**Assigned task:** From first line to last, give the material again unchanged.

**Input data:**

_____

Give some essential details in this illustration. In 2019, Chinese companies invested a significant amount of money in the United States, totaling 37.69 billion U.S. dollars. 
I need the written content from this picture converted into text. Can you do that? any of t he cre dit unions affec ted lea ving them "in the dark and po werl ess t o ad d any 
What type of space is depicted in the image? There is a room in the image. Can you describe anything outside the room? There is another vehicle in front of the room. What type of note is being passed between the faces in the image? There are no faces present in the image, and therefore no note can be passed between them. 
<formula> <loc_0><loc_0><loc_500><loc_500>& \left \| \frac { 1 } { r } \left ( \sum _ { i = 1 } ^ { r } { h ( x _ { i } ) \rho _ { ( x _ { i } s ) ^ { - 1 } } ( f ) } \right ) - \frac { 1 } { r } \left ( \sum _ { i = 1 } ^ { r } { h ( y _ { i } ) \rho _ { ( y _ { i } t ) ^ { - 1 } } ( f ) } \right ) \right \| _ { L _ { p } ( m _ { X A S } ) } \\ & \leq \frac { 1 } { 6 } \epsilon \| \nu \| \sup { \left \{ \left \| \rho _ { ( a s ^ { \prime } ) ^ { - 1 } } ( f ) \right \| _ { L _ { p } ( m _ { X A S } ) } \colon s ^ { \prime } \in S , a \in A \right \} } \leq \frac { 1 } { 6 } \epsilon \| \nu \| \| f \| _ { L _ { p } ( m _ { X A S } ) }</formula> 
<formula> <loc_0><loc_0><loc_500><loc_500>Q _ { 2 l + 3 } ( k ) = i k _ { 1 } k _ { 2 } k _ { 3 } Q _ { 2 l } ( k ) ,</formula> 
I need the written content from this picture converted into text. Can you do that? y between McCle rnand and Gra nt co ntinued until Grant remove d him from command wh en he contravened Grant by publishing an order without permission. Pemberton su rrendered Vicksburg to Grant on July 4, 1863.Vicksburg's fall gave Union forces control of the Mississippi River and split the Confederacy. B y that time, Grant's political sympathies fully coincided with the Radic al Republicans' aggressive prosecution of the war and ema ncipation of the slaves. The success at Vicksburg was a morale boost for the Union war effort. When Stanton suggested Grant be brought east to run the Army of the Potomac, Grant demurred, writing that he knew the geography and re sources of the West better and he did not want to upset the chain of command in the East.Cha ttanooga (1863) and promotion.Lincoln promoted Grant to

_____

**Response to this exercise:**
Give some essential details in this illustration. In 2019, Chinese companies invested a significant amount of money in the United States, totaling 37.69 billion U.S. dollars. 
I need the written content from this picture converted into text. Can you do that? any of t he cre dit unions affec ted lea ving them "in the dark and po werl ess t o ad d any 
What type of space is depicted in the image? There is a room in the image. Can you describe anything outside the room? There is another vehicle in front of the room. What type of note is being passed between the faces in the image? There are no faces present in the image, and therefore no note can be passed between them. 
<formula> <loc_0><loc_0><loc_500><loc_500>& \left \| \frac { 1 } { r } \left ( \sum _ { i = 1 } ^ { r } { h ( x _ { i } ) \rho _ { ( x _ { i } s ) ^ { - 1 } } ( f ) } \right ) - \frac { 1 } { r } \left ( \sum _ { i = 1 } ^ { r } { h ( y _ { i } ) \rho _ { ( y _ { i } t ) ^ { - 1 } } ( f ) } \right ) \right \| _ { L _ { p } ( m _ { X A S } ) } \\ & \leq \frac { 1 } { 6 } \epsilon \| \nu \| \sup { \left \{ \left \| \rho _ { ( a s ^ { \prime } ) ^ { - 1 } } ( f ) \right \| _ { L _ { p } ( m _ { X A S } ) } \colon s ^ { \prime } \in S , a \in A \right \} } \leq \frac { 1 } { 6 } \epsilon \| \nu \| \| f \| _ { L _ { p } ( m _ { X A S } ) }</formula> 
<formula> <loc_0><loc_0><loc_500><loc_500>Q _ { 2 l + 3 } ( k ) = i k _ { 1 } k _ { 2 } k _ { 3 } Q _ { 2 l } ( k ) ,</formula> 
I need the written content from this picture converted into text. Can you do that? y between McCle rnand and Gra nt co ntinued until Grant remove d him from command wh en he contravened Grant by publishing an order without permission. Pemberton su rrendered Vicksburg to Grant on July 4, 1863.Vicksburg's fall gave Union forces control of the Mississippi River and split the Confederacy. B y that time, Grant's political sympathies fully coincided with the Radic al Republicans' aggressive prosecution of the war and ema ncipation of the slaves. The success at Vicksburg was a morale boost for the Union war effort. When Stanton suggested Grant be brought east to run the Army of the Potomac, Grant demurred, writing that he knew the geography and re sources of the West better and he did not want to upset the chain of command in the East.Cha ttanooga (1863) and promotion.Lincoln promoted Grant to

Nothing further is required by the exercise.